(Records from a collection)
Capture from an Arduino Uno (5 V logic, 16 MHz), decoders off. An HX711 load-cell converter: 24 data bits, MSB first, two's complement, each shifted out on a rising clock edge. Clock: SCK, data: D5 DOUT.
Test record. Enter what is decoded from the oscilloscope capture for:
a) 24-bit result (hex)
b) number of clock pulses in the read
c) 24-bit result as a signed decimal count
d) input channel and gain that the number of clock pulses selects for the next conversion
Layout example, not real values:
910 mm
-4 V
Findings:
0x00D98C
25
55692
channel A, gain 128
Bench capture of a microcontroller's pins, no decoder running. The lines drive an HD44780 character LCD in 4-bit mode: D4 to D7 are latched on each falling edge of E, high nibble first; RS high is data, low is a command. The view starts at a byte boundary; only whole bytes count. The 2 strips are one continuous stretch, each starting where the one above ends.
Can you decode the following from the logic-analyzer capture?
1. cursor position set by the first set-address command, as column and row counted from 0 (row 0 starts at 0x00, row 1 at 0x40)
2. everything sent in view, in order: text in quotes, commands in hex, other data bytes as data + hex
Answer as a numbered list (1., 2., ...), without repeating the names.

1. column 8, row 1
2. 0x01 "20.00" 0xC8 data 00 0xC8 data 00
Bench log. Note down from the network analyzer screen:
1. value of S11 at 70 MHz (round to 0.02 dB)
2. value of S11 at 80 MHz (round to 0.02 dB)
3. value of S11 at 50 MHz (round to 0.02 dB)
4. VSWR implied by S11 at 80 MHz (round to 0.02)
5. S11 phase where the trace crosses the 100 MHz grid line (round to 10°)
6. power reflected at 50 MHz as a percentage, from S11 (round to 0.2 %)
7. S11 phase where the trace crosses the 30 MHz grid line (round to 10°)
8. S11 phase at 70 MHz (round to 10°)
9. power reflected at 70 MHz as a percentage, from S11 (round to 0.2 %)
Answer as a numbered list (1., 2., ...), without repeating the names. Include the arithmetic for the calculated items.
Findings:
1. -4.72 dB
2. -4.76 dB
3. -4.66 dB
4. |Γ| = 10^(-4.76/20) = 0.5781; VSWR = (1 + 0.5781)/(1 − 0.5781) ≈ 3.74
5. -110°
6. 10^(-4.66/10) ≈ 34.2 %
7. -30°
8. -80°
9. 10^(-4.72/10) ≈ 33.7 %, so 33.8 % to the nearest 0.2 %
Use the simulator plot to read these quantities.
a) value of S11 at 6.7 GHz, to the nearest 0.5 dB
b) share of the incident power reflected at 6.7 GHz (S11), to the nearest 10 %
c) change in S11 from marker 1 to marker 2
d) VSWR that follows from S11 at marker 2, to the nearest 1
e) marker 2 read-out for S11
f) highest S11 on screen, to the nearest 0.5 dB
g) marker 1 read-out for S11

---

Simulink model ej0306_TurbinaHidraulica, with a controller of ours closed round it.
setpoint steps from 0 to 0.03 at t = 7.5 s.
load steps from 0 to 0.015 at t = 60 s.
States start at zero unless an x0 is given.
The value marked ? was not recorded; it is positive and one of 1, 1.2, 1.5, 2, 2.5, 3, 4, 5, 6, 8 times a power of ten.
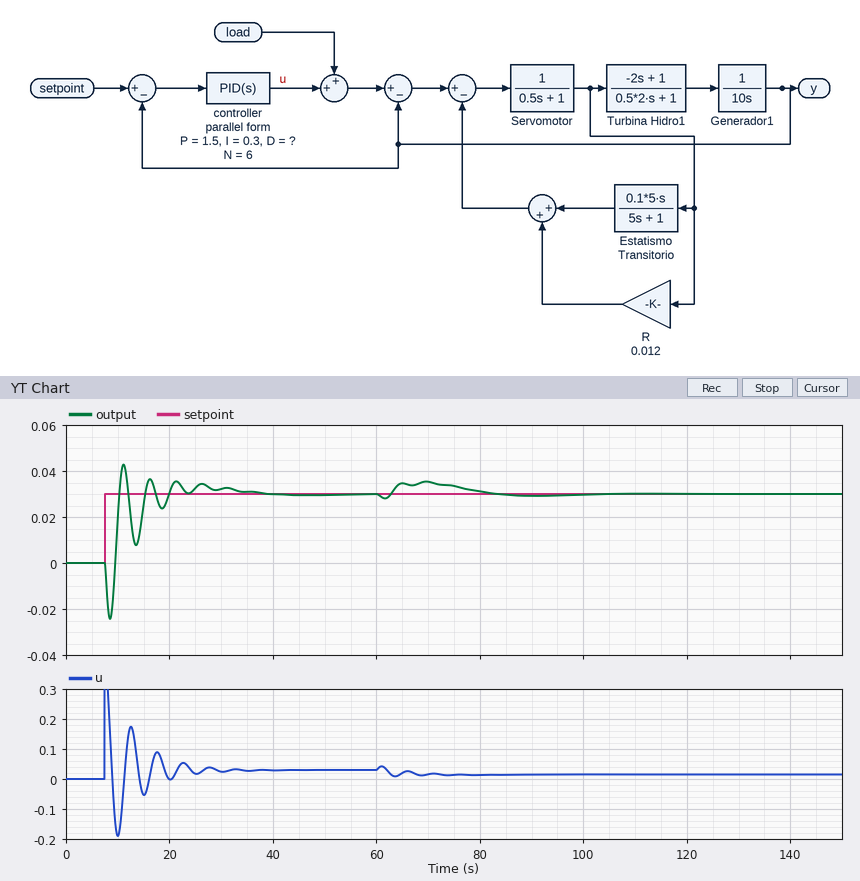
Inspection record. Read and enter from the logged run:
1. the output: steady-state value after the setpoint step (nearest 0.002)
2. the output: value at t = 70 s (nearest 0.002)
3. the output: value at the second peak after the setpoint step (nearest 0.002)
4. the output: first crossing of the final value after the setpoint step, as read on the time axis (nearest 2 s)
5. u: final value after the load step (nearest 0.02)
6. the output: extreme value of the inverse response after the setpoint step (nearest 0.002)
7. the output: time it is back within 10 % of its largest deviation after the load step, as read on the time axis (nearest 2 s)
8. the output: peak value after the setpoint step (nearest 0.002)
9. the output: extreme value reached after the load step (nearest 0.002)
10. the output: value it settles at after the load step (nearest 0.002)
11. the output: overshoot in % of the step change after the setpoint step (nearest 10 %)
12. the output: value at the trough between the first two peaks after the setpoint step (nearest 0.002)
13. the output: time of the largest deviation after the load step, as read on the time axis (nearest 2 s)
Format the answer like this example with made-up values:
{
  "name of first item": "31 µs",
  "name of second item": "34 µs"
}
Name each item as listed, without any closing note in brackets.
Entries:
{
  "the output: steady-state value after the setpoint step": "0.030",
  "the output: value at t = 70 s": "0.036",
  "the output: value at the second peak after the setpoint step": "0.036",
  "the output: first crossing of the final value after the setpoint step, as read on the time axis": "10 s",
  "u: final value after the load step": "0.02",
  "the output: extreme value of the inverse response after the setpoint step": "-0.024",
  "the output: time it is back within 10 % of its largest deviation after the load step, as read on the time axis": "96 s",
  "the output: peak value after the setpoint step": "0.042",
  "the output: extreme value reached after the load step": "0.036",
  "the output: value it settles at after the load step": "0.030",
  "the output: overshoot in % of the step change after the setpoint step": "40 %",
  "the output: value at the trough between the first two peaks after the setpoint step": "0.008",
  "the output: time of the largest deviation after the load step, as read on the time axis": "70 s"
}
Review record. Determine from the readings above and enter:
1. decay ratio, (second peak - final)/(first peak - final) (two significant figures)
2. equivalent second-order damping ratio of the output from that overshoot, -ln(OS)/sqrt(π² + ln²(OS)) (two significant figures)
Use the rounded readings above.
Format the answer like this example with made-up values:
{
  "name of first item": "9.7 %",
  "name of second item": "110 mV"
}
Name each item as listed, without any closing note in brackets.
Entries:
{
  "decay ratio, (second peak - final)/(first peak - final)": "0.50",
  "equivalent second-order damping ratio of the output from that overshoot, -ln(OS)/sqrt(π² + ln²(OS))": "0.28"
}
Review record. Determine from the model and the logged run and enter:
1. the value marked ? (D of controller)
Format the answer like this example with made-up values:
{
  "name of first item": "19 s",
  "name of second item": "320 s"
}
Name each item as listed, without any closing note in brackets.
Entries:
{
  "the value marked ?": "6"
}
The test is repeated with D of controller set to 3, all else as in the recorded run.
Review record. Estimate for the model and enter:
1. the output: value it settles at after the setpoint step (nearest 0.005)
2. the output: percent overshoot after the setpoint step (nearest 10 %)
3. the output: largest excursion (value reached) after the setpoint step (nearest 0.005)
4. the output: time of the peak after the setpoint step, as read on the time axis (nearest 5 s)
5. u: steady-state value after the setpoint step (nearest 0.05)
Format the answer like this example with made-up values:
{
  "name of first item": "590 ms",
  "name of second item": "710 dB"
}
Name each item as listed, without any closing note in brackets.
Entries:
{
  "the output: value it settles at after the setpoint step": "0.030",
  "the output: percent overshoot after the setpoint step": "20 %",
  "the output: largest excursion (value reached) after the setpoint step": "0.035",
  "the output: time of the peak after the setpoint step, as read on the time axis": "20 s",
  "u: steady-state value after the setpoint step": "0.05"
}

__DIRECTIONS__. Search the records above for the string "logged". Copy every line that contains it.

__SOLUTION__.
Inspection record. Read and enter from the logged run:
Review record. Determine from the model and the logged run and enter:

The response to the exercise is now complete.